Kleine waterwegen kunnen pas een serieuze transportfunctie krijgen als niet langer containers de maat der dingen zijn, maar de pallets van tachtig bij honderdtwintig centimeter die overal in fabrieken worden gebruikt en die makkelijk in vrachtwagens passen. Het kostbare ompakken zou dan overbodig worden. Het pallet-idee is uitgebreid besproken in de Incodelta werkgroep Multimodaal Vervoer. Al snel dook een probleem op: er kunnen niet twee Europallets naast elkaar in een zeecontainer, dat scheelt precies twee centimeter. De ene helft van de werkgroep concludeerde daaruit dat het met palletvervoer dus niets wordt, de andere helft voorziet een verschuiving van containers naar pallets en daarmee naar een veel fijnmaziger waterwegennet.
Voorlopig ontbreken rechtstreekse waterwegen tussen Rotterdam en Venlo. Schepen met bestemming Venlo volgen daarom de corridor Rotterdam-Nijmegen. Zoals auto’s de A15 nemen, stomen binnenvaartschippers de Waal op en slaan bij Nijmegen rechtsaf; via het Maas Waalkanaal komen ze in de Maas en zakken af naar Venlo. Om containers te kunnen lossen wil Venlo nu een eigen bargeterminal bouwen aan de Maas, een kort luchtspoor brengt de containers dan naar de bestaande ECT-centrale waar ze op treinen naar het Ruhrgebied worden gezet. Coasters hoeven dan dus niet meer te lossen in Rotterdam, een fikse ontlasting van de Nederlandse sporen en wegen.

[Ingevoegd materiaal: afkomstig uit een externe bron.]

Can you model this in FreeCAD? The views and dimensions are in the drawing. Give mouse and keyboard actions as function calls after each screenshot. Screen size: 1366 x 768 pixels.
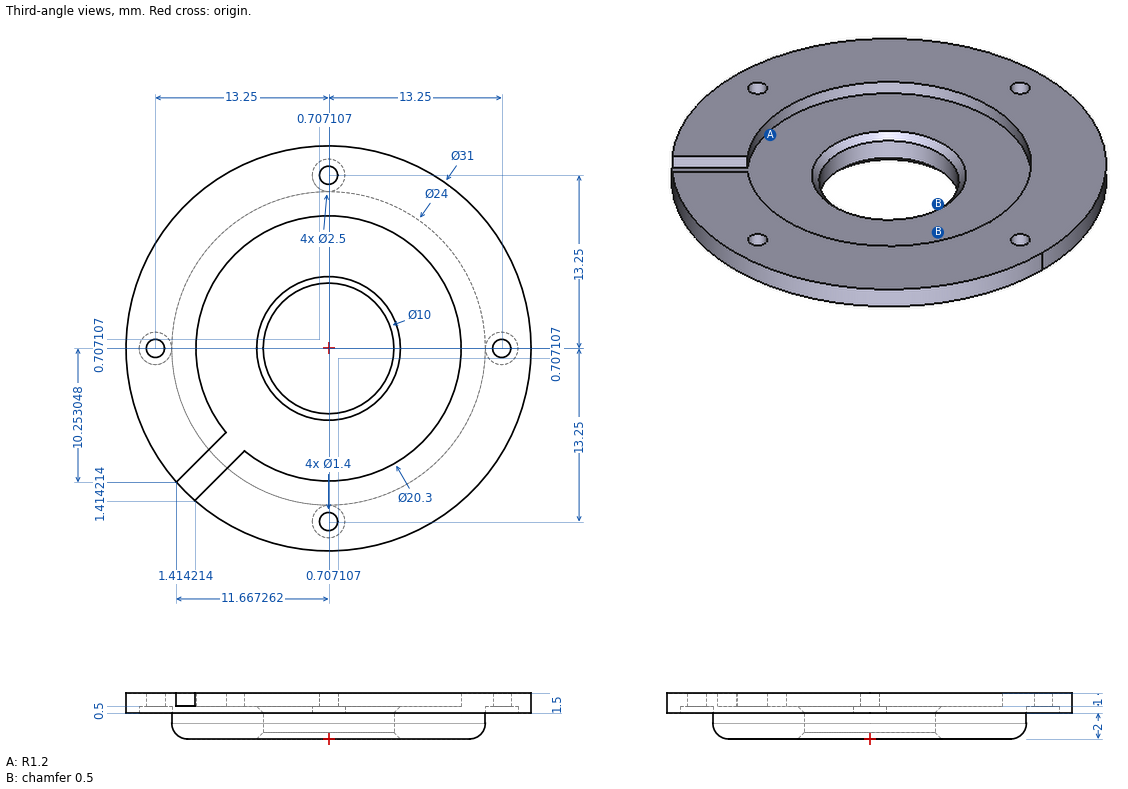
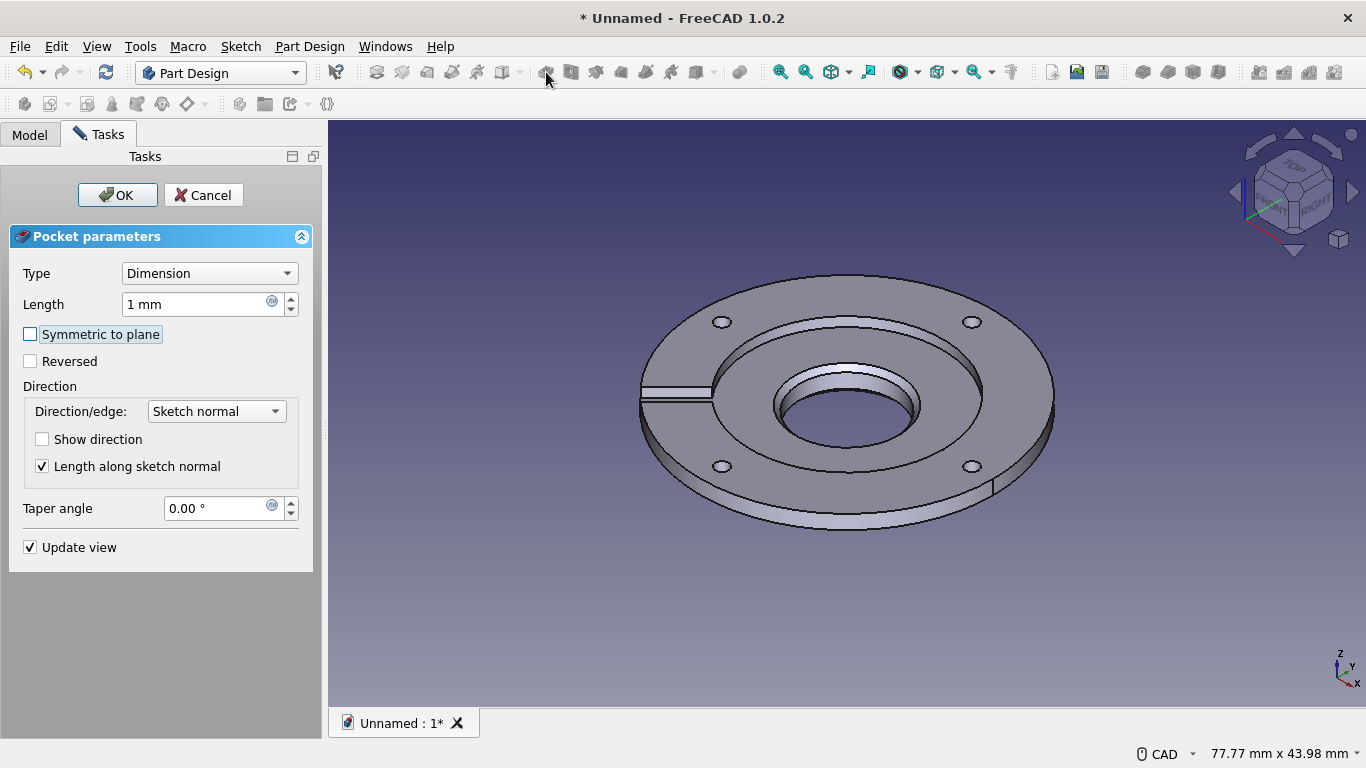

Waterwegen passen niet goed in het concept van de corridors. Ze vormen geen lijn, feitelijk is sprake van een ruit: Rotterdam-Nijmegen-Luik-Antwerpen-Rotterdam. Maar die scheepvaartruit is van een geheel ander niveau en maatvoering dan de Zuidoostcorridor. Misschien is het logischer om, net als het ministerie van Economische Zaken, te kijken naar de drie megacorridors: van de Randstad naar het Rijn-Ruhrgebied, van het Rijn-Ruhrgebied naar de stedendriehoek Antwerpen-Brussel-Gent en van de Vlaamse stedendriehoek weer terug naar de Randstad. Of nog een stap verder: beschouw Rotterdam, Antwerpen, Vlissingen en Moerdijk als één havensysteem en kijk vandaaruit naar de noodzakelijke achterlandverbindingen als IJzeren Rijn en Betuweroute. Dat zou ook tegemoet komen aan de Duitse eis dat niet alle goederen op één punt het land binnenkomen met alle logistieke problemen vandien. Het water zou het organiserend principe van de planologie worden.
Tot die conclusie was Sjef Langeveld, voormalig projectleider Stromenland van de voorstudie voor de Vijfde Nota Ruimtelijke Ordening, ook gekomen, zij het om iets andere redenen. ‘We gingen uit van twee netwerken: transport en water. Het water zou veel ruimte krijgen, de transportfunctie zou nauwkeurig gedefinieerd en ingeperkt worden. Maar in werkelijkheid is de nadruk komen liggen op transport en krijgen bedrijfslocaties alle ruimte. Zo kun je geen ruimtelijke kwaliteit bewerkstelligen.’
Snel weg (2)
Vlak voor Eindhoven passeren we parkeerplaats Kriekampen. Dit is een van de vier ‘seksontmoetingsplaatsen’ aan de snelwegen rond Eindhoven. Snelwegen zijn puur op efficiëntie ontworpen, maar dat weerhoudt mensen er niet van om ze geheel anders te gebruiken. Als plaats om klanten voor een drugsdeal op te pikken bijvoorbeeld, zoals de drugsrunners op de A16 doen. Als arena voor een gevecht met een rivaliserende supportersvereniging, tot de dood erop volgt. En als plek voor snelle, anonieme seks. De meeste pompbediendes vinden het niet vervelend als er achter hun tankstation gecruised wordt. Hoe meer mensen op een parkeerplaats, hoe veiliger voor beide partijen.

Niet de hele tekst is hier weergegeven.